Phones of several top journalists as well as of politicians in the United States and other countries were bugged by the Pegasus spyware developed by the private Israeli firm NSO Group Ltd. According to investigation by the Washington Post, the spyware was used in attempted and successful hacks of thousands of smartphones belonging to journalists, activists and business executives worldwide.

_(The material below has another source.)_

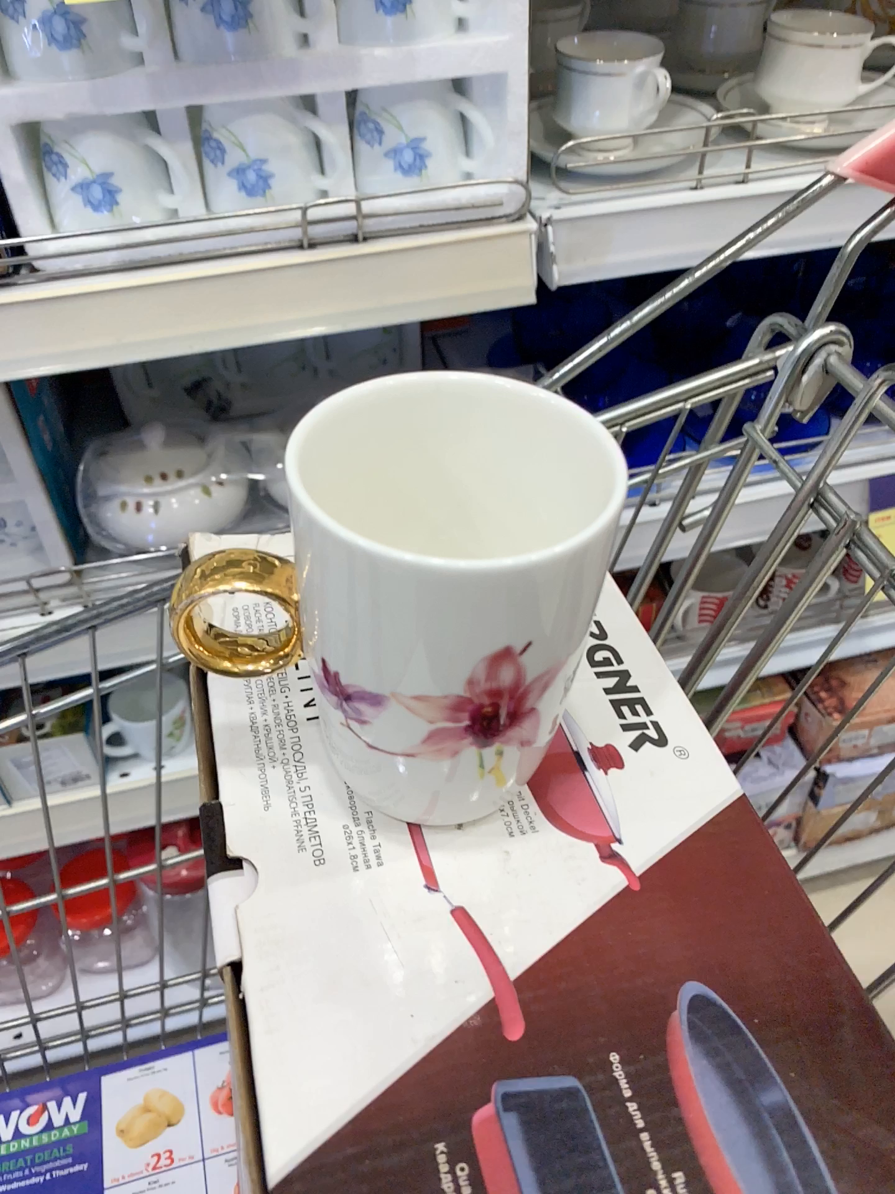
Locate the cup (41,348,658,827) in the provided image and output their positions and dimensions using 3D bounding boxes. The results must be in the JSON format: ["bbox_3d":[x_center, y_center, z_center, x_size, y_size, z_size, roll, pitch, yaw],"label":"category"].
[{"bbox_3d":[-0.018,-0.001,0.221,0.110,0.090,0.070,1,43,-1],"label":"cup"}]

Besides, targets included friends of Saudi-born Washington Post reporter Jamal Khashoggi and also his wife before his murder by a Saudi hit squad in 2018, the report reveals. The investigation also reveals that NSO group has previously launched a public relations crusade led by SKDKnickerbocker, of which White House senior adviser Anita Dunn is the managing director.
The use of the software Pegasus that was allegedly used to hack the mobile phones of top US journalists and politicians was reported on by the Washington Post, the Guardian, Le Monde and other news outlets who collaborated on an investigation into a data leak.

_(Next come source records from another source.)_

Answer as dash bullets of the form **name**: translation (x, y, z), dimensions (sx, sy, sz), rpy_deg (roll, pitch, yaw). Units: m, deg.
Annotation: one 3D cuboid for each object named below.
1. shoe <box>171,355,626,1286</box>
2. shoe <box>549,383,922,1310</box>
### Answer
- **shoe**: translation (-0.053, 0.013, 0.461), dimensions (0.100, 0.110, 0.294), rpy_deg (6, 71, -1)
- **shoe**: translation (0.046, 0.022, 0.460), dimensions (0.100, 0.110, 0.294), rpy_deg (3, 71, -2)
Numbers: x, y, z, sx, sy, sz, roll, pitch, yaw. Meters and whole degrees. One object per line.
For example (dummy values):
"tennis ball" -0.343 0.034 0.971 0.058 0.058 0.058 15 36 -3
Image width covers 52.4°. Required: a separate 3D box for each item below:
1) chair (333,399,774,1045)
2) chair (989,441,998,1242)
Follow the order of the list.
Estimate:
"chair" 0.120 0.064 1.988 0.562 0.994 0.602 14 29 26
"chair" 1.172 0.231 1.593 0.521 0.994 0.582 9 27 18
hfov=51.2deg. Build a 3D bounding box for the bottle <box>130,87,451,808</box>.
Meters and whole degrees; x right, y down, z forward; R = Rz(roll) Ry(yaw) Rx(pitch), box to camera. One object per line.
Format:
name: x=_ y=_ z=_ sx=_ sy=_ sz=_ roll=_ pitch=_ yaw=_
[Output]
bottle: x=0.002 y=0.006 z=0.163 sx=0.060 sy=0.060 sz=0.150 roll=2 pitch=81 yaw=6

The investigations reveal that NSO group hired SKDKnickerbocker in 2019 to coordinate its public relations efforts and save its reputation after lawsuits alleged that its software was being used to spy on journalists and political dissidents. Presidents, prime ministers, human rights activists, business leaders and journalists, including the editor of the Financial Times, were said to have been included on the list of more than 50,000 leaks.

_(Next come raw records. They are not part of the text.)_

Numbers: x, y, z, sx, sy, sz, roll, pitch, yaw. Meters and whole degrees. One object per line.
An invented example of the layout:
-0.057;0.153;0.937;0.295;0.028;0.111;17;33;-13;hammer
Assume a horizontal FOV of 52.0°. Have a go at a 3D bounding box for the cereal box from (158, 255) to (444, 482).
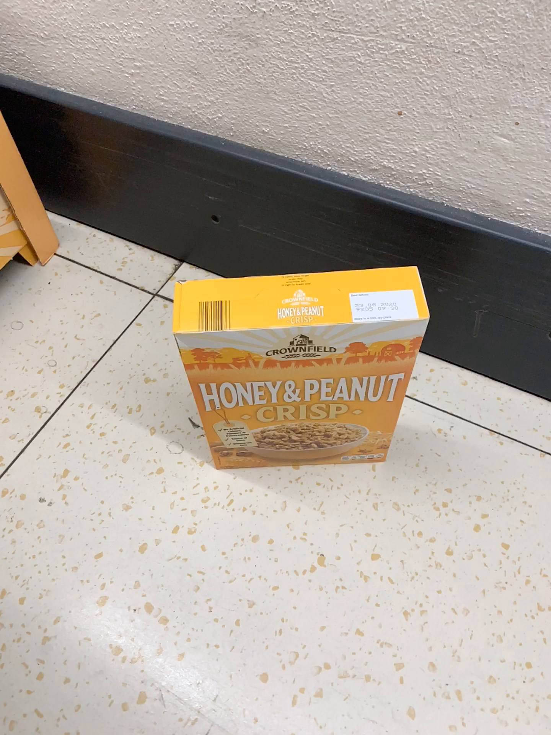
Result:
0.019;0.020;0.501;0.190;0.268;0.050;-4;57;-1;cereal box
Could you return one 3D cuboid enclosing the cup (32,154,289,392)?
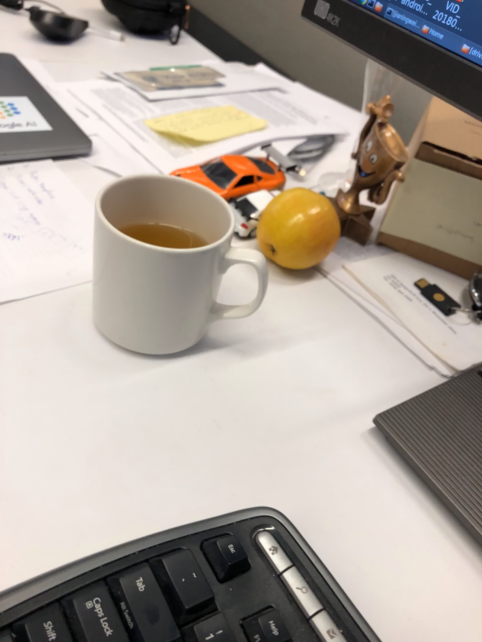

Also on the list are phone numbers of overseas journalists for news organizations, including CNN, the Associated Press, Voice of America, the New York Times, the Wall Street Journal, Bloomberg News, Le Monde in France and Al Jazeera in Qatar.
"The sort of surveillance being reported is an appalling violation of press freedoms and we strongly condemn it," said a Bloomberg News spokesperson.
Amnesty International and Paris-based media organization Forbidden Stories said that it gained access to the leaked list of phone numbers and shared access with media partners, including The Guardian and The Wire. The outlets are expected to name other possible victims of the software in the coming days.
According to the Guardian, Pegasus was sold to at least 10 governments, who spied on these high-profile people across the world. The report claims Mexico, Morocco and the United Arab Emirates had entered the most numbers. Hungary was also named along with Bahrain, Saudi Arabia, Azerbaijan, Kazakhstan, Rwanda, and India.
What is Pegasus?
NSO sells its Pegasus spyware to select governments and law enforcement agencies like the military and intelligence agencies. The spyware can hack into mobile phones through a link and secretly record emails, calls and text messages.
The Pegasus spyware can infect phones if a target clicks on a malicious link, which can be disguised in a text message from a contact. Once the phone is infected, the entire data on the phone, including messages, emails, photos and chats on apps such as WhatsApp, Telegram and Signal, can be accessed. In some cases, Pegasus can also activate itself without the victim clicking on the link, the Post said.
It is not known how many phones were targeted in all but initial reports claim it was over 50,000. Of the 40 countries it sells Pegasus, Morocco, Hungary, Rwanda and India denied they had used the spyware to hack phones. Saudi Arabia, Mexico, the UAE, Azerbaijan, Bahrain and Kazakhstan did not comment.
According to the Guardian, Khashoggi, 59, who was highly critical of Saudi Arabia's royal family and was killed after he walked into the Saudi consulate in Istanbul in 2018, was also one of the high-profile targets of the major hack. However, it was not directly his phone but the phone of his 52-year-old Egyptian wife.
However, in response to the investigation, NSO denied that its technology was used against Khashoggi and said the investigation contained flawed assumptions and factual errors.
More information on the leaks will be released over the next few days.